A última hora de la tarde, Sally salió a comprar los artículos que consideraba esenciales para su tarea. No volvió hasta casi el anochecer. Subió a ver Ashley, que parecía extrañamente aburrida, tendida en su cama leyendo, luego se preguntó dónde estaría Hope y oyó a Catherine en la cocina. Finalmente telefoneó a Scott.
– ¿Sí?
– Soy Sally.
– ¿Todo bien?
– Sí. Ha sido un día normal -mintió, sin mencionar el episodio de la mañana-. Aunque tengo mis dudas sobre cuánto durará.
– Entiendo.
– Bien, eso espero. Porque debes venir ahora mismo.
– ¿Ahora…? -vaciló él.
– Es hora de actuar. -Sally soltó una risita sin humor, como dominada por un frío cinismo-. Me parece que hemos estado de acuerdo más veces en estas últimas semanas que cuando estábamos casados.
También Scott rió tristemente.
– Es una extraña manera de ver las cosas.

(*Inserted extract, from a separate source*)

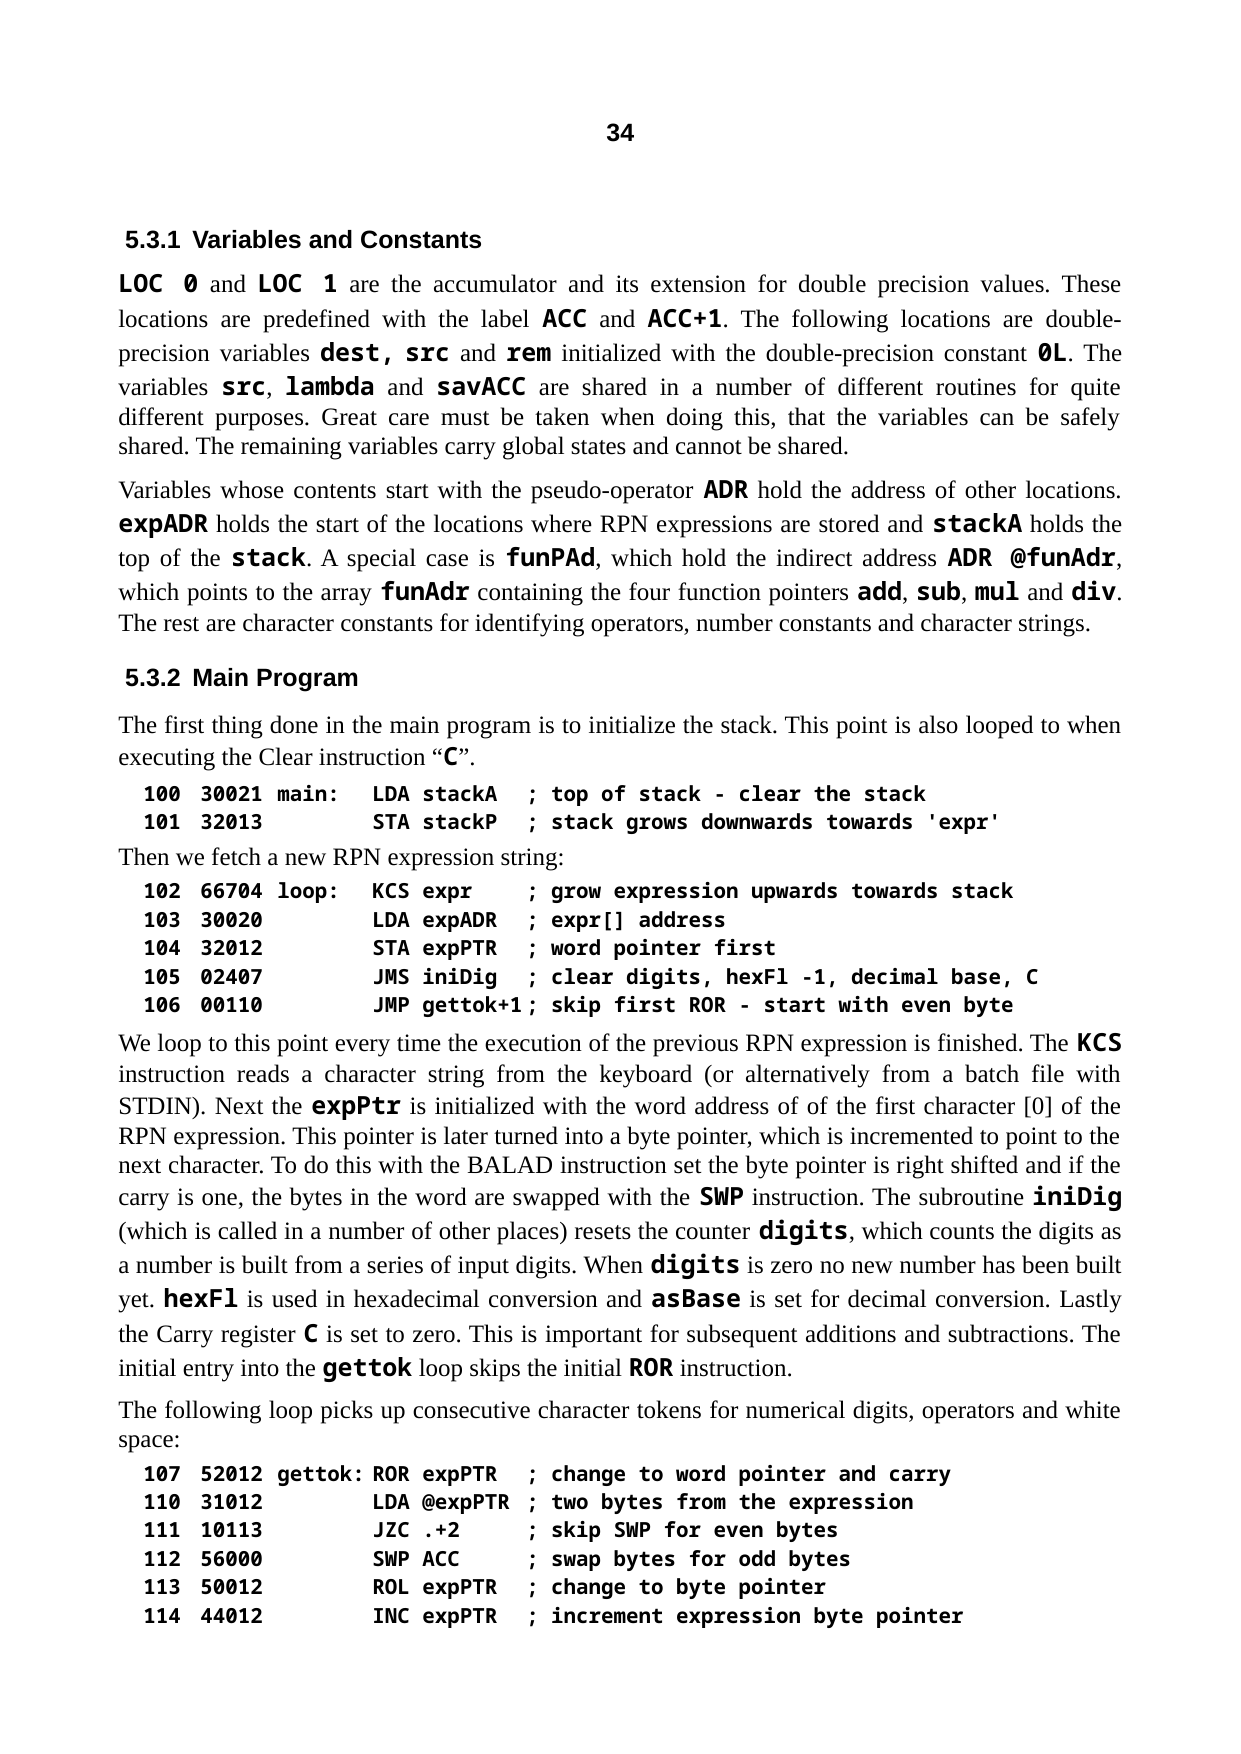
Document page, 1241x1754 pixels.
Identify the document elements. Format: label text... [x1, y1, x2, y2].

Pero cuando estábamos juntos, bueno, hubo momentos en que no estuvo tan mal.
– Tú no vivías en una mentira como vivía yo.
– «Mentira» es una palabra fuerte.
– Mira, Scott, no quiero librar de nuevo batallas pasadas, no tiene sentido.
Hubo un silencio.
– Nos estamos distrayendo -añadió Sally-. No se trata de dónde estábamos, sino de adonde podemos ir o incluso de quiénes somos. Y, lo más importante, se trata de Ashley.
– De acuerdo -dijo él, percibiendo los enormes pantanos emocionales que los separaban y de los que nunca hablarían.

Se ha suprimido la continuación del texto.